症状2:時間よりも完璧な仕事をすることを優先してしまう。
症状3:社内は保身に走る「指示待ち族」ばかりになっている。
症状1は「競合他社のまねや前例の踏襲ばかりをしてしまう」というもので、本来見るべき現実世界の環境の変化を見ずに、競合他社のまねや自社のかつての栄光(前例)に縛られてしまっている状態です。
症状2は「時間よりも完璧な仕事をすることを優先してしまう」というもので、顧客への対応などをさて置いて社内の満足感を優先し、タイミングを逸してしまう状態です。
症状3は「社内は保身に走る『指示待ち族』ばかりになっている」状況で、人事の多くが「減点評価」や上司との「属人的なつながり」(親しさ)の度合いで決まってしまい、部下は上司の顔色をうかがってばかりになっている状態です。
日本企業には「夢のビジョン」が欠落している
この3大症状が、同じような失敗を繰り返す日本企業の現場の実態です。この根本原因は、米国の先進企業が持っている共通の判断基準である「Vision」つまり「夢のビジョン」がないということにつきあたります。

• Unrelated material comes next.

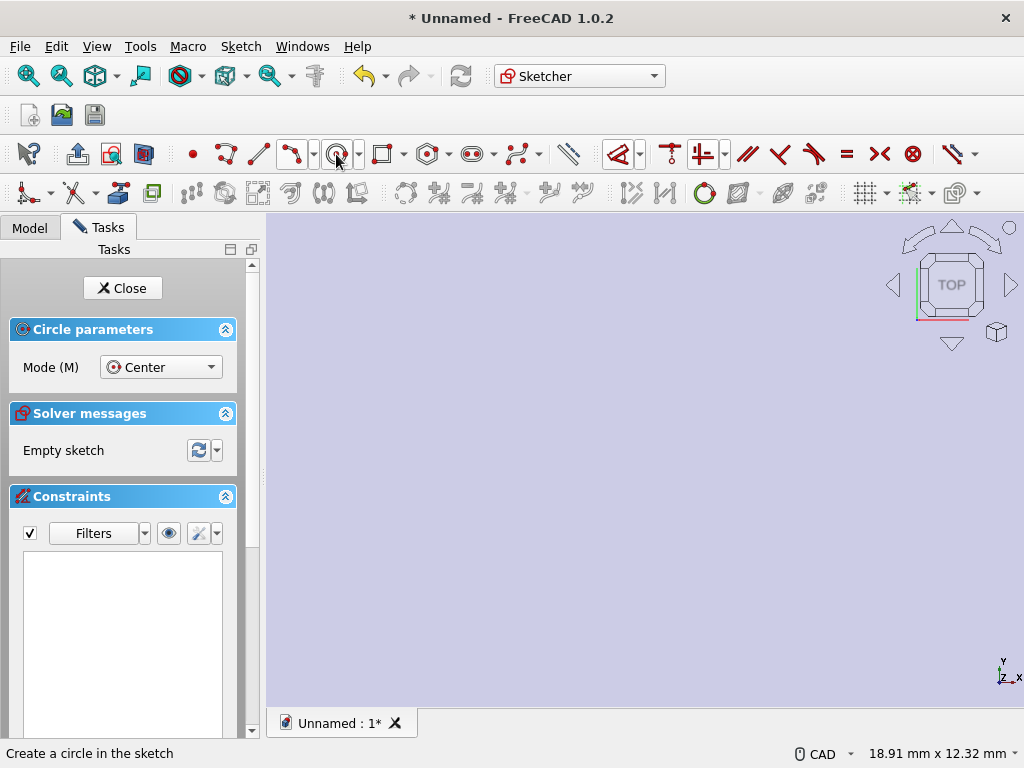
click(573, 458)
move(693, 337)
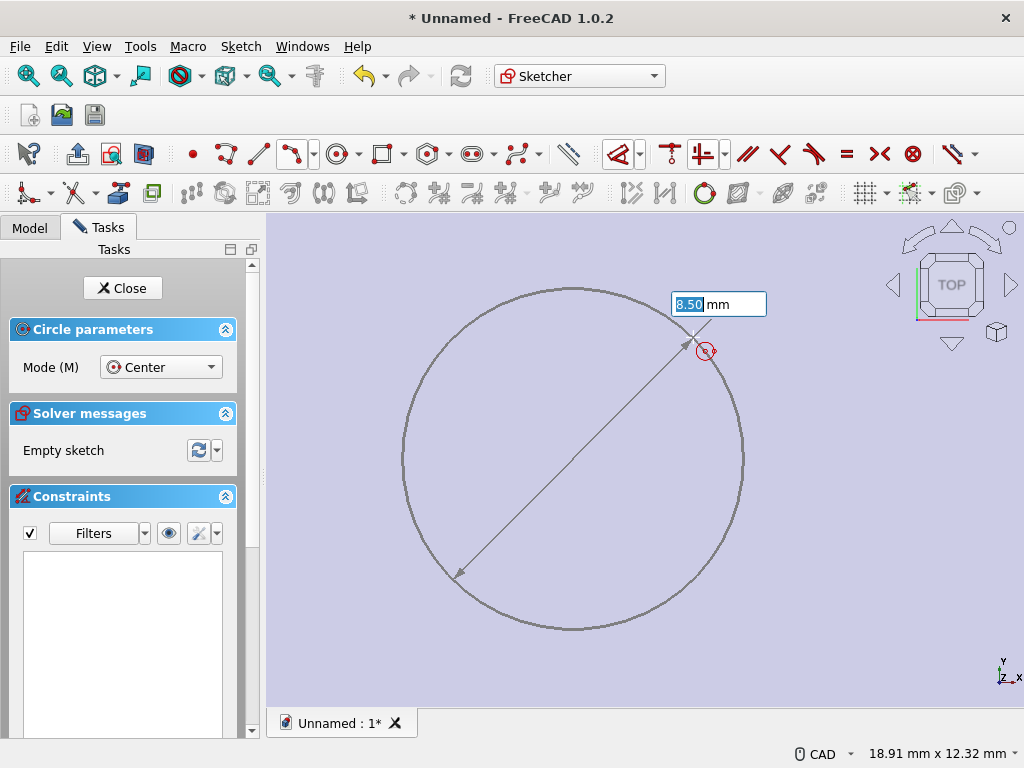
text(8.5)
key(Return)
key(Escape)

注意していただきたいのは、「夢のビジョン」は日本の企業が掲げているビジョンやミッション、経営理念ではないということ。日本の企業が掲げているビジョンは経営陣の自己満足にすぎません。
本来の「Vision」は「具体的な夢」をさす言葉なのです。たとえば、5年後に実現したい企業の夢は何か、顧客に感動をもたらし従業員が夢中になれる夢や実現させたい理想の状態を、それぞれの企業の事業環境のトレンドや潮目の変化を観察して設定することです。
失敗の解決には組織改革が必要
この「夢のビジョン」を中心に組織を改革することで、日本企業の“失敗”を解決し日本企業を立て直すことができるのです。

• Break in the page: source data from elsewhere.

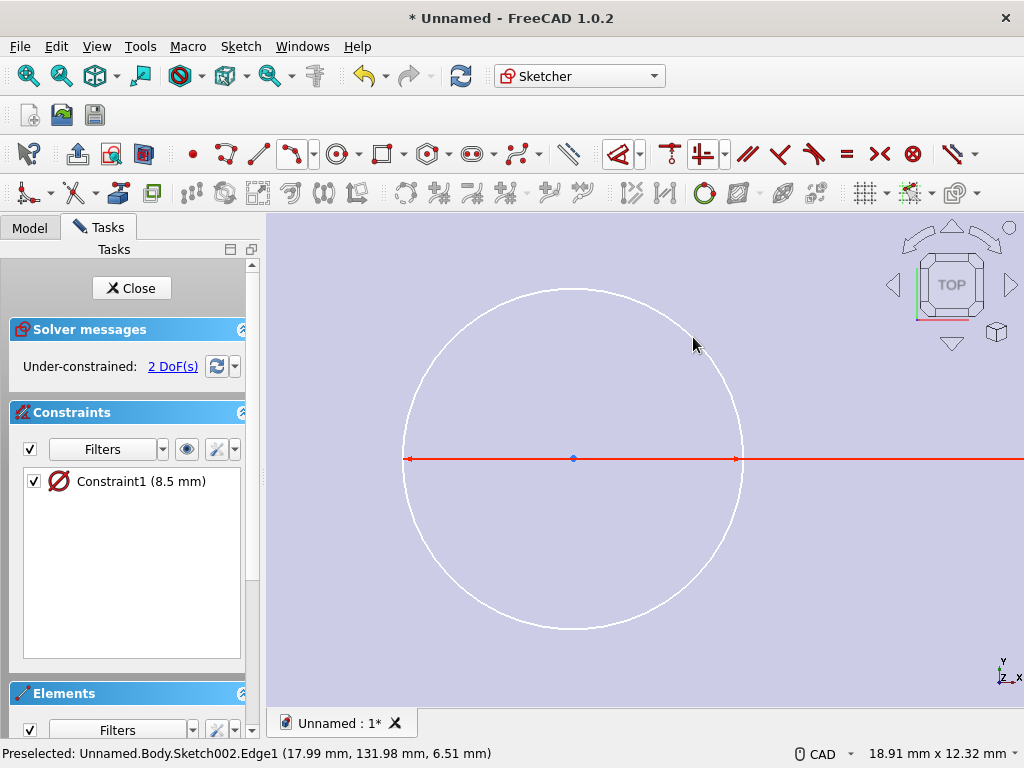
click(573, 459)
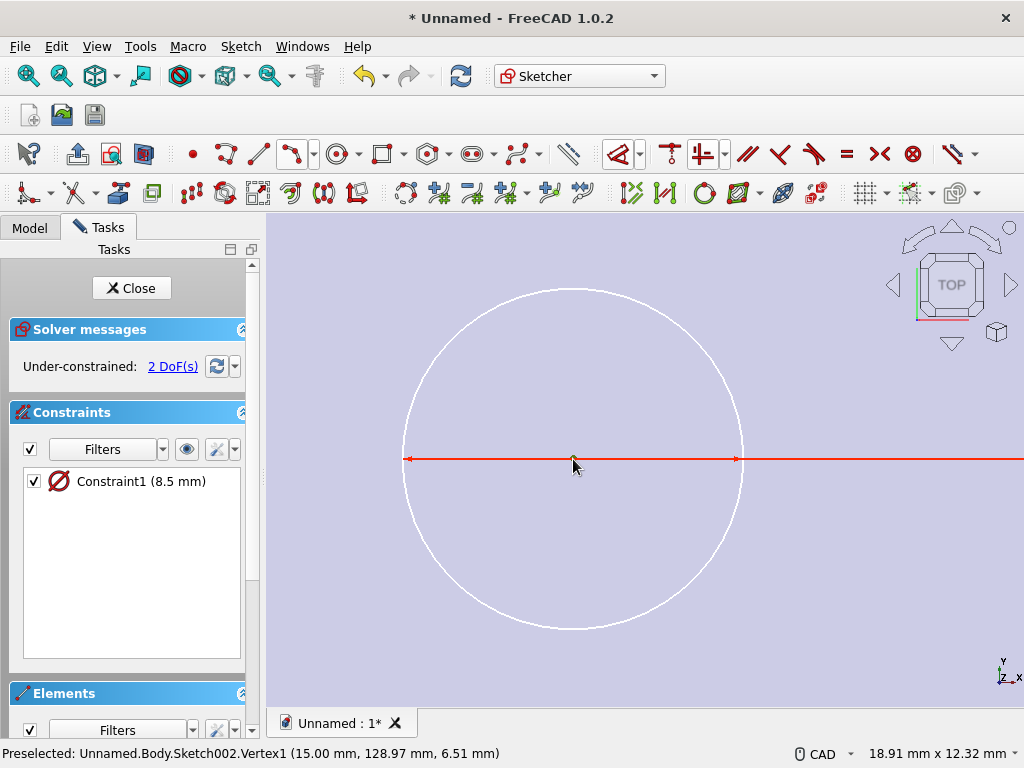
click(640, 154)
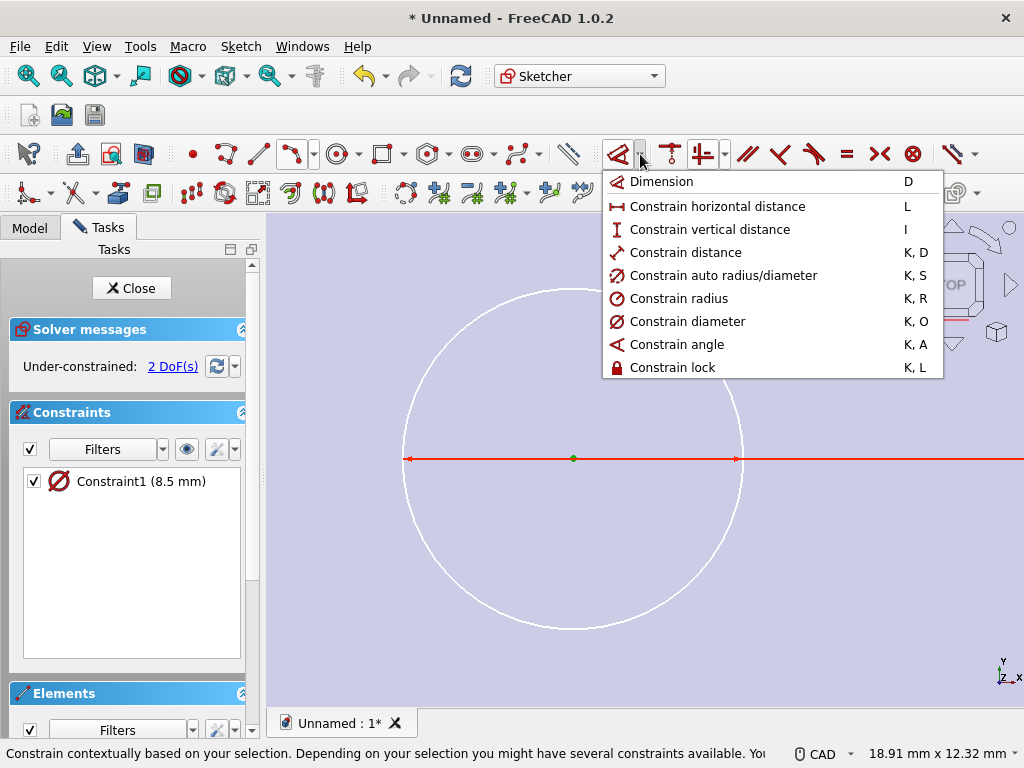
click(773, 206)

まず「夢のビジョン」を策定して、経営陣と従業員が共有します。「夢のビジョン」を起点として、仕事へ愛着心を持ち結果が出るまでやり抜く気持ち、つまりエンゲージメントを持った組織に改革するのです。
次にメンバー一人ひとりが行動する際、その行動が「夢のビジョン」とひも付いているかを判断の基準にします。こうして「夢のビジョン」の実現に向けて判断し行動していけば、「競合他社のまねや前例の踏襲」もしません(症状1の解決策)。